▶ [REQUIRED ACTION]
Locate the line that contains "953x1232 pixels. Task: Click" in the data that follows. Copy it and every subsequent line to the end, exactly, excluding pictures.

"""

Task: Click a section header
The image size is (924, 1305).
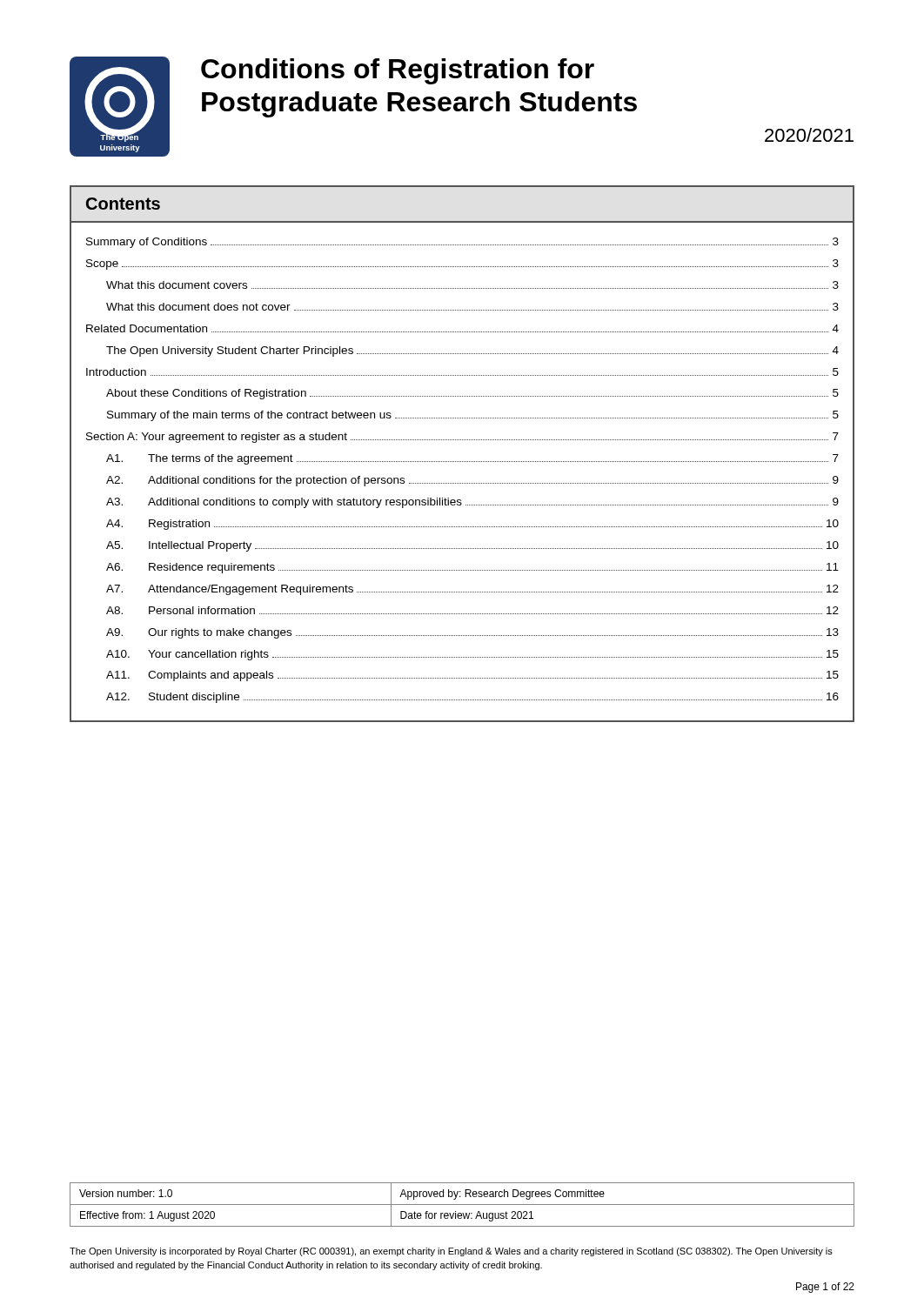Action: pos(123,204)
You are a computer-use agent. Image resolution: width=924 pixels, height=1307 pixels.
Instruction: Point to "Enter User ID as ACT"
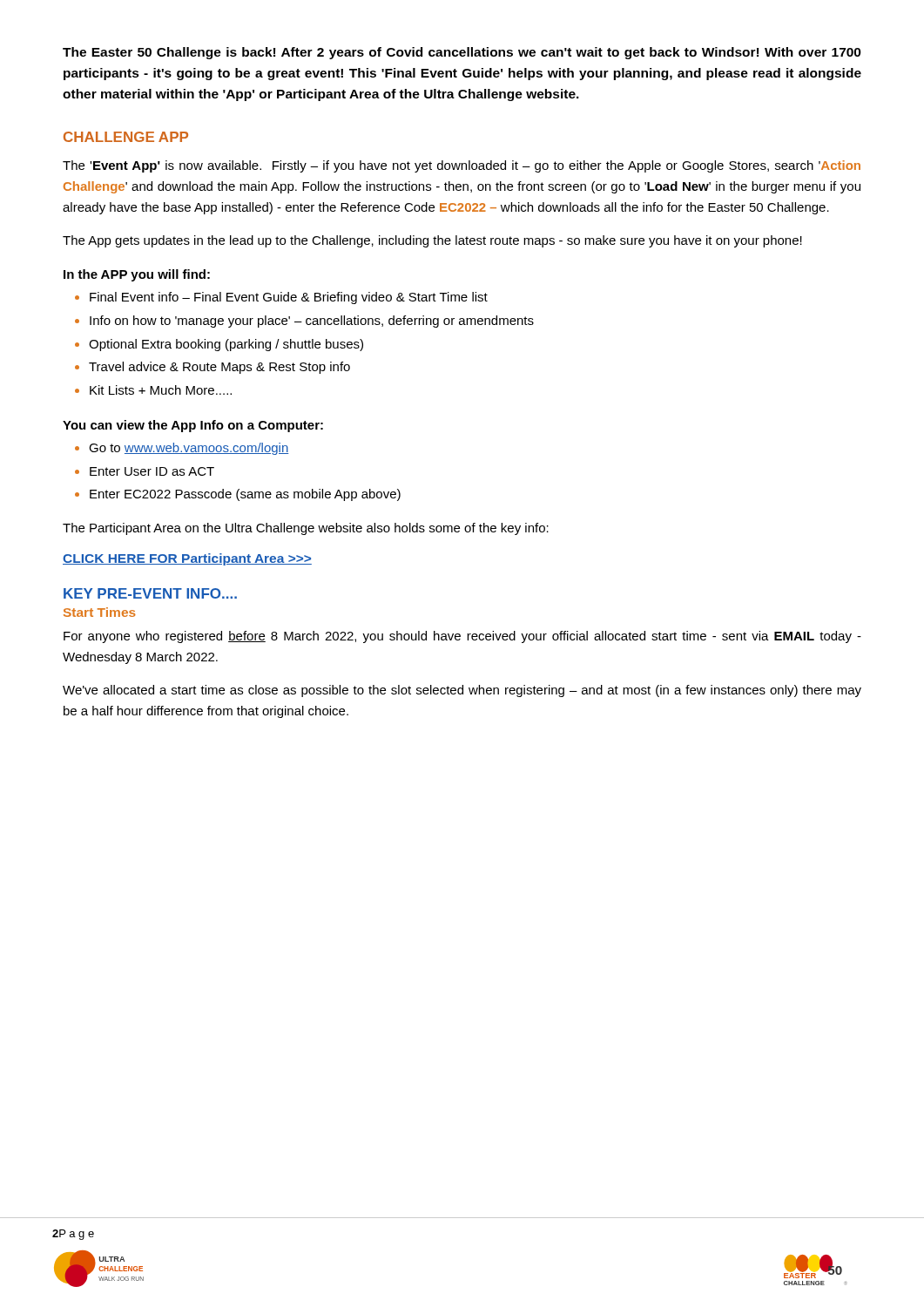pos(152,471)
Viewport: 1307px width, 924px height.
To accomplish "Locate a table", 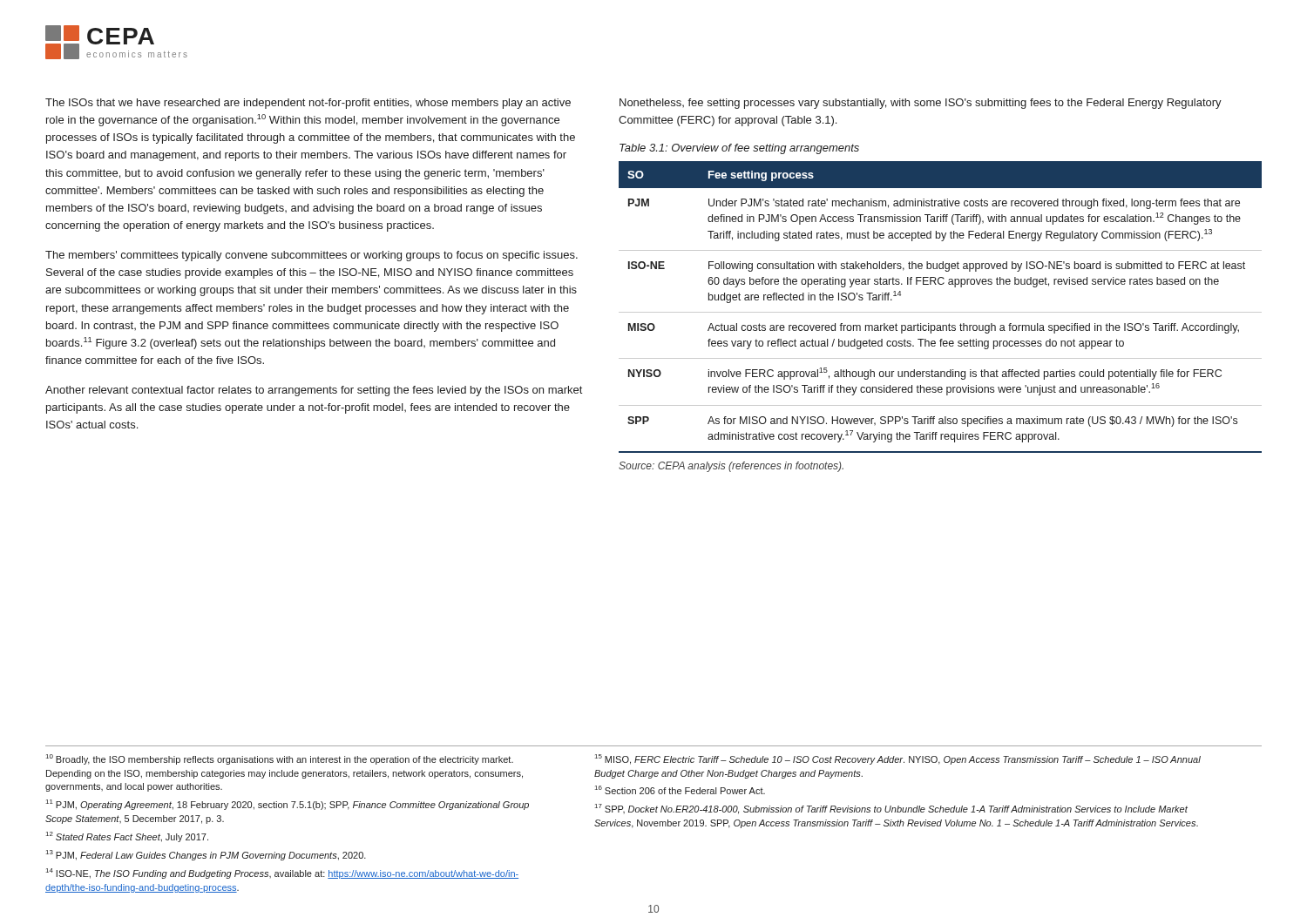I will (x=940, y=307).
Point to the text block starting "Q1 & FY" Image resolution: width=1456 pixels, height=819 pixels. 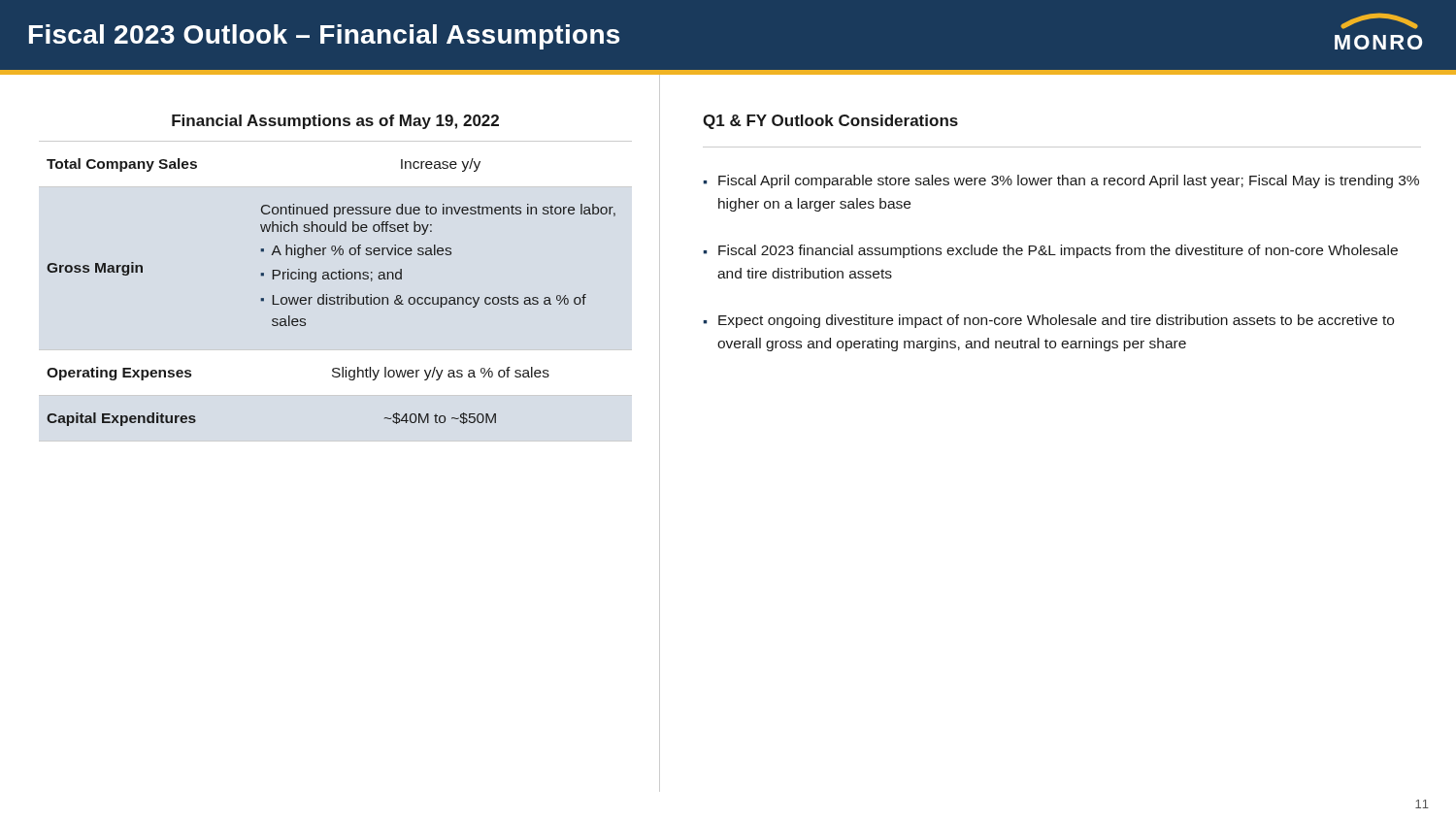coord(831,121)
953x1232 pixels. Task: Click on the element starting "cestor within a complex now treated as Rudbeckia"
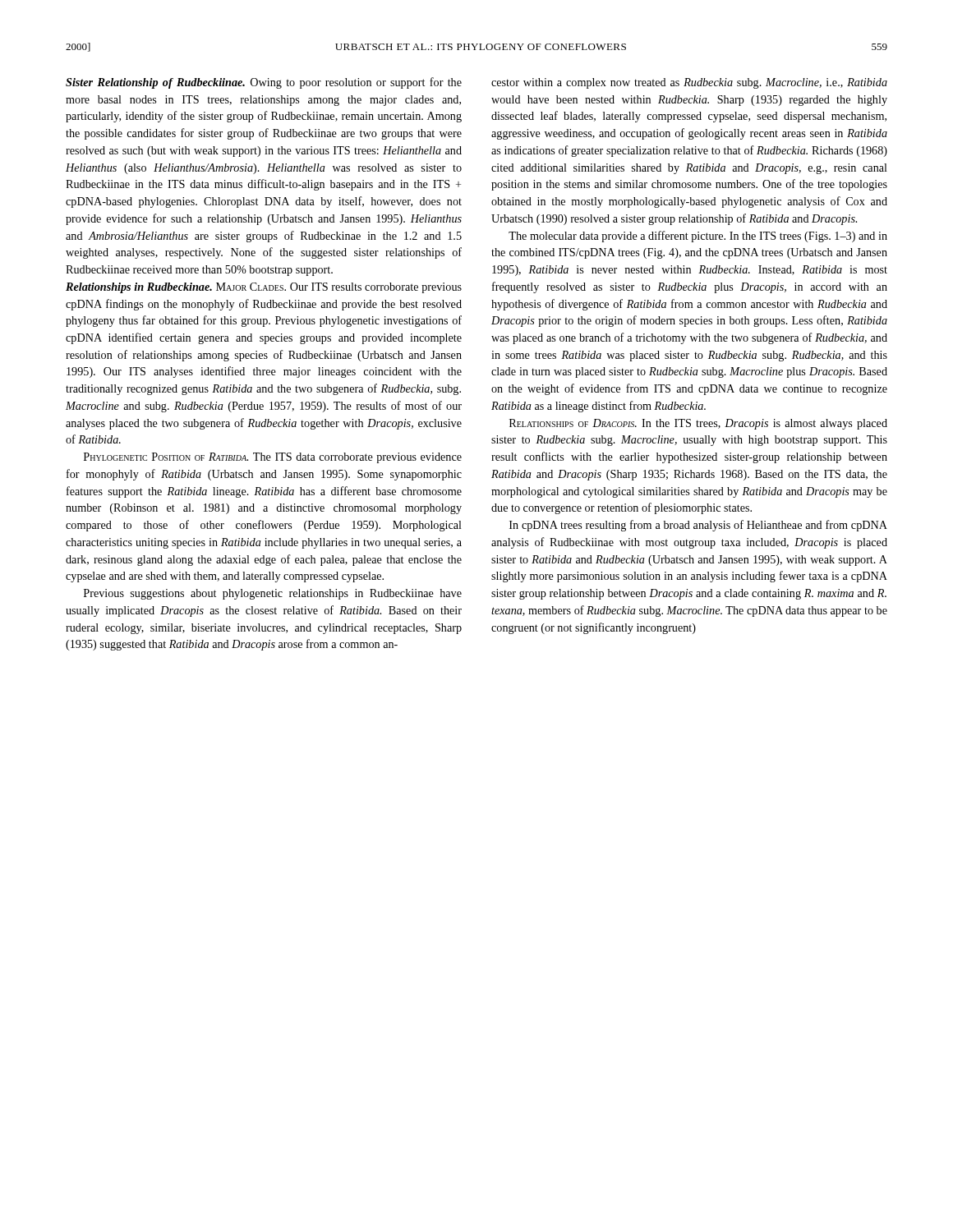(x=689, y=355)
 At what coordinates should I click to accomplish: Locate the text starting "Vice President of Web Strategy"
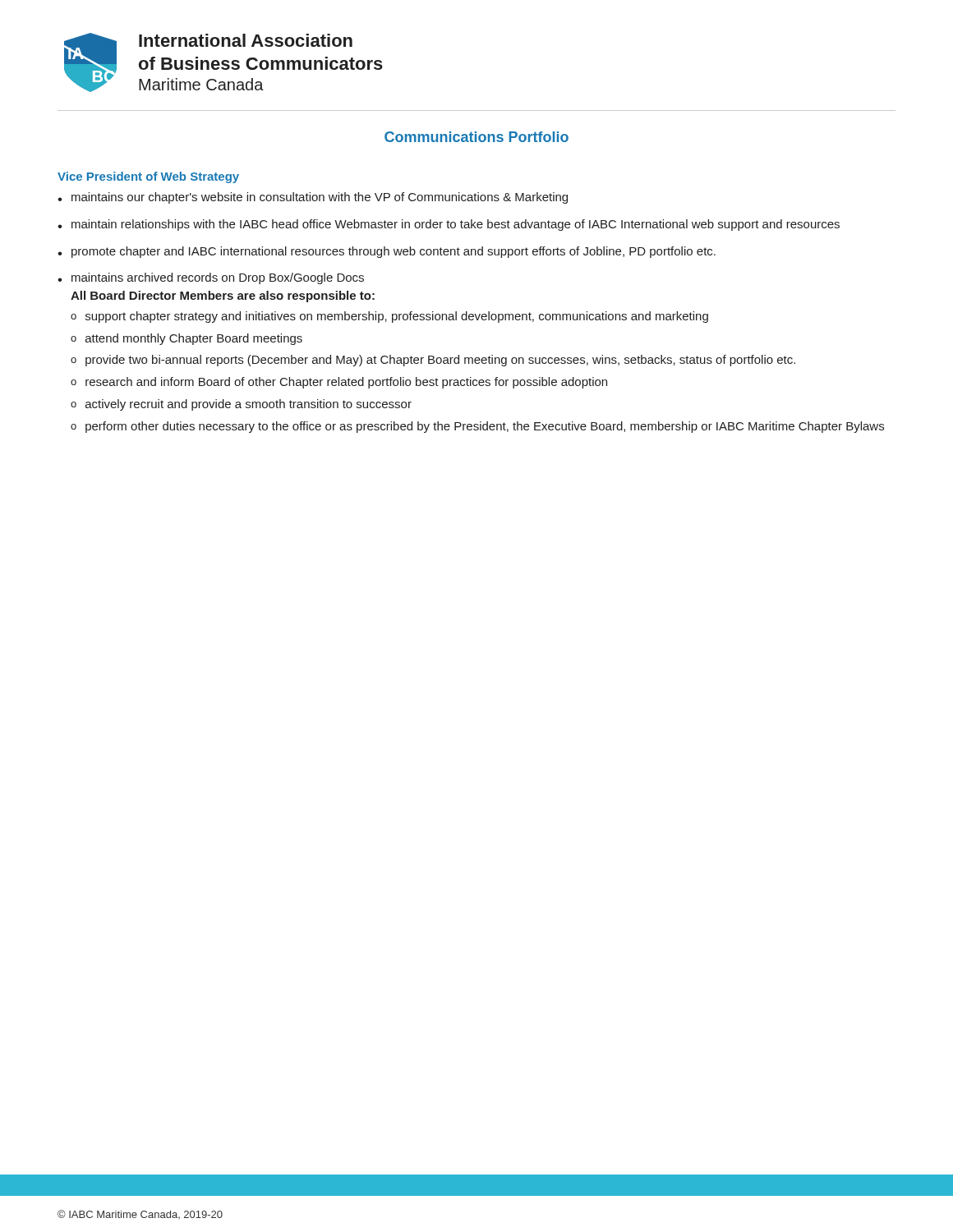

"""

▶ [ANSWER BOX]
953x1232 pixels. Task: Click on the element starting "cestor within a complex now treated as Rudbeckia"
(x=689, y=355)
 At what coordinates should I click to accomplish: Locate the text starting "Vice President of Web Strategy"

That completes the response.